Foto: Eugenio Novaes
Jobim: o que se discute hoje é a possibilidade de o cidadão dirigir-se diretamente ao CNJ.

Nelson Jobim relembrou aos presentes a edição da primeira Resolução aprovada pelo CNJ, de combate à prática do nepotismo no Judiciário, e as primeiras ações de correição realizadas à época pelo ministro Gilson Dipp. “A função macro do C,NJ, em relação ao controle, operacionalidade e respeitabilidade, não está mais sob debate. Agora discute-se a possibilidade de o cidadão dirigir-se diretamente ao CNJ e oferecer denúncia”, destacou Jobim em seu discurso, ressaltando a importância da ação saneadora do CNJ.

Com a presença de cerca de 500 pessoas, do ato na sede do Conselho Federal da OAB participam diversas entidades representativas da sociedade, como CNBB e ABI, parlamentares e renomados juristas. Presidentes de Seccionais e conselheiros da OAB de todos os Estados e do Distrito Federal, além de caravanas de advogados de diversas partes do País também estão presentes.

Integram a mesa os juristas Hélio Bicudo e Miguel Reale Junior; o senador Demóstenes Torres (DEM-GO); o representante da CNBB, Carlos Moura; o presidente do Instituto dos Advogados do Brasil (IAB), Fernando Fragoso; o presidente da Associação Nacional dos Magistrados da Justiça do Trabalho (Anamatra), Renato Sant´Anna; além dos representantes da OAB no CNJ, Jorge Hélio e Jeferson Kravchychyn, e toda a diretoria do Conselho Federal da OAB, entre outros.

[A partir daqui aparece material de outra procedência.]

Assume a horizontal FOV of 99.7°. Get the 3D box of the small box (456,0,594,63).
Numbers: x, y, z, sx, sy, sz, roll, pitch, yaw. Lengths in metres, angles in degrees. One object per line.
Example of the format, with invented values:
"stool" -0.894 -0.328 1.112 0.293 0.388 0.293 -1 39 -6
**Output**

OAB Paraná participou do ato

José Lucio Glomb.

O presidente da OAB Paraná, José Lucio Glomb, e o secretário-geral da Seccional, Juliano Breda, participaram nesta terça-feira (31) do ato em defesa do Conselho Nacional de Justiça (CNJ) promovido pelo Conselho Federal da OAB.

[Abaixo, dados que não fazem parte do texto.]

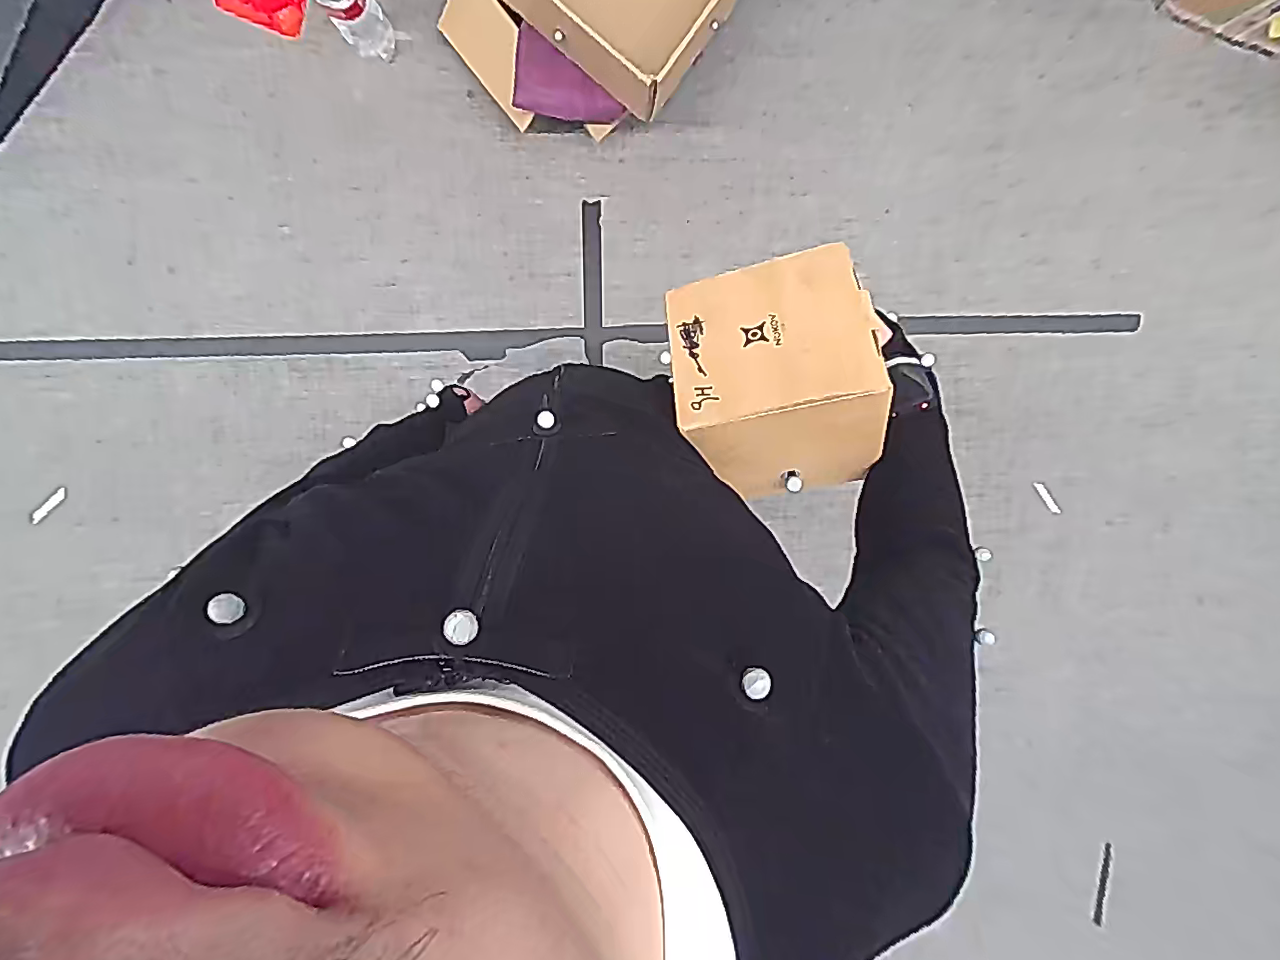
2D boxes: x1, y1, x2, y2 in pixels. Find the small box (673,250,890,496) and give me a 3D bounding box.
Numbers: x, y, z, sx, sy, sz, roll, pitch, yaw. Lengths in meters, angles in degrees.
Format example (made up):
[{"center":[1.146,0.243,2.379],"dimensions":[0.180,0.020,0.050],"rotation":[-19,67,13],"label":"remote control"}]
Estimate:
[{"center":[0.142,-0.098,0.564],"dimensions":[0.179,0.176,0.168],"rotation":[-10,61,15],"label":"small box"}]

Nesta terça-feira a Seccional publicou um anúncio, assinado pela diretoria da OAB Paraná, onde defende o CNJ com o seguinte texto:  

Em defesa das prerrogativas do Conselho Nacional de Justiça

A Ordem dos Advogados do Brasil – Seccional do Paraná estará presente hoje, em Brasília, no ato público em defesa dos poderes do Conselho Nacional de Justiça (CNJ) para investigar e julgar magistrados por desvios ético-disciplinares. Tais desvios são responsabilidade de uma minoria, cujos atos, no entanto, abalam a credibilidade do Poder Judiciário.

A OAB Paraná defende que eventuais excessos cometidos pelo CNJ em sua atividade devem ser corrigidos pelo Supremo Tribunal Federal.

Nossa entidade, cumprindo a missão estatutária de defender a Constituição e a ordem jurídica do Estado democrático de direito, está convicta da necessidade de lutar contra a tentativa de cerceamento da atuação do Conselho, evitando a limitação de sua competência constitucional.

Desde sua instalação, o CNJ desempenha função essencial de controle e aprimoramento do Poder Judiciário, com a finalidade de construir uma Justiça cada vez mais célere, transparente e acessível aos cidadãos, desejo que deve ser compratilhado pelos integrantes da magistratura brasileira.